School of Science and Technology, Hellenic Open University, Patras, Greece.
Sismanogleio General Hospital, IT department, Marousi, Greece.
Stud Health Technol Inform. 2021 May 27;281:43-47. doi: 10.3233/SHTI210117.
Hospital-acquired infections, particularly in ICU, are becoming more frequent in recent years, with the most serious of them being Gram-negative bacterial infections. Among them, Acinetobacter baumannii, Klebsiella pneumoniae, and Pseudomonas aeruginosa are considered the most resistant bacteria encountered in ICU and other wards. Given the fact that about 24 hours are usually required to perform common antibiotic resistance tests after the bacteria identification, the use of machine learning techniques could be an additional decision support tool in selecting empirical antibiotic treatment based on the sample type, bacteria, and patient's basic characteristics. In this article, five machine learning (ML) models were evaluated to predict antimicrobial resistance of Acinetobacter baumannii, Klebsiella pneumoniae, and Pseudomonas aeruginosa. We suggest implementing ML techniques to forecast antibiotic resistance using data from the clinical microbiology laboratory, available in the Laboratory Information System (LIS).
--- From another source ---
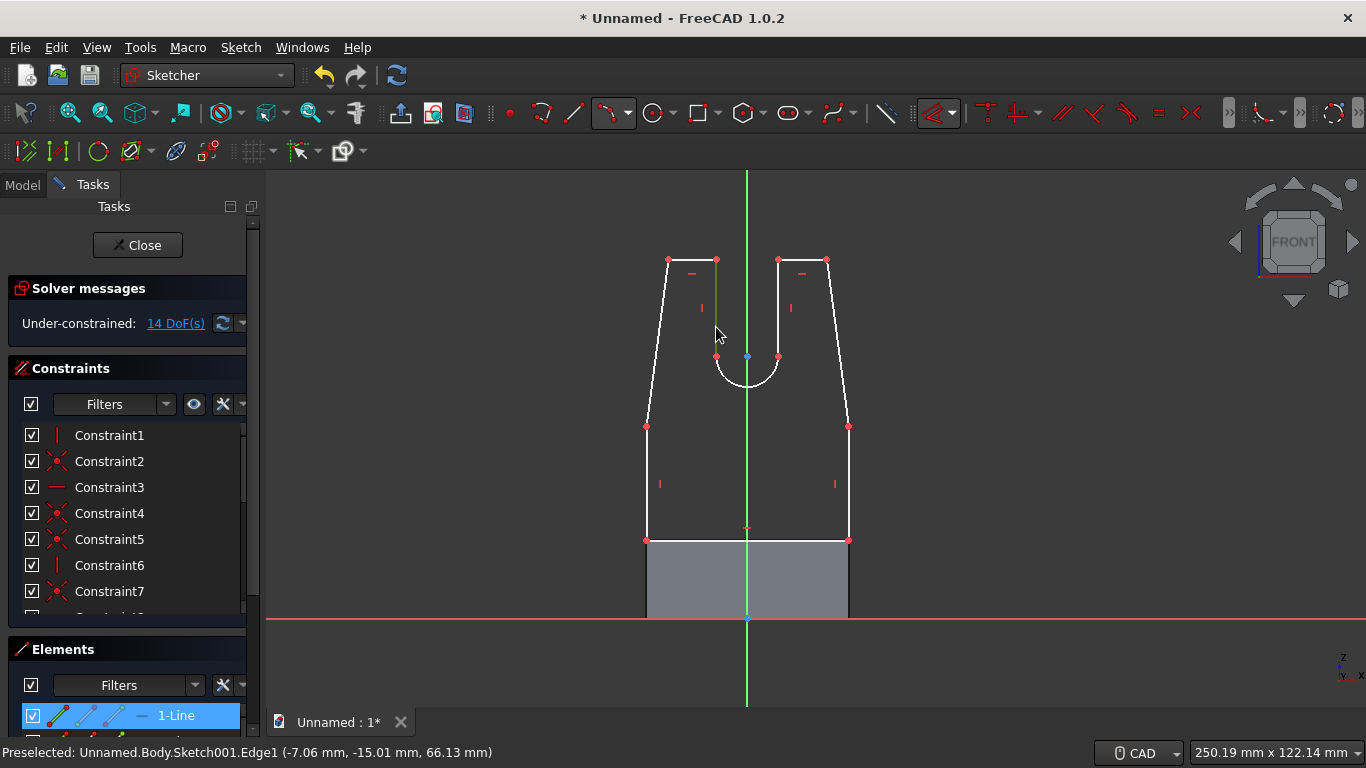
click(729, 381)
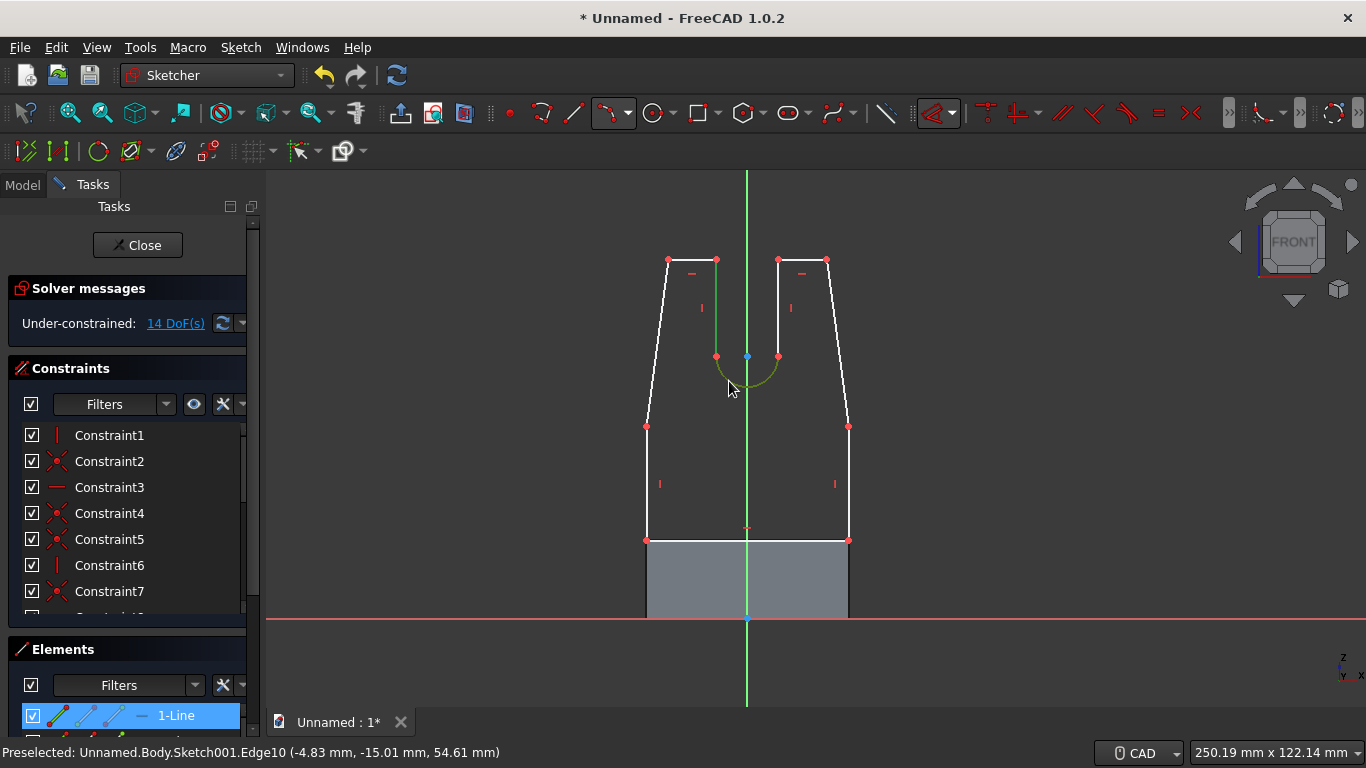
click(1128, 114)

近年来,医院获得性感染,尤其是重症监护病房(ICU)的感染越来越频繁,其中最严重的是革兰氏阴性菌感染。在这些感染中,鲍曼不动杆菌、肺炎克雷伯菌和铜绿假单胞菌被认为是 ICU 和其他病房中最具耐药性的细菌。由于在细菌鉴定后通常需要大约 24 小时才能进行常见的抗生素耐药性测试,因此机器学习技术可以作为一种额外的决策支持工具,根据样本类型、细菌和患者的基本特征,选择经验性抗生素治疗。在本文中,我们评估了五种机器学习(ML)模型,以预测鲍曼不动杆菌、肺炎克雷伯菌和铜绿假单胞菌的抗菌药物耐药性。我们建议使用临床微生物学实验室的数据来实施 ML 技术,这些数据可从实验室信息系统(LIS)中获得。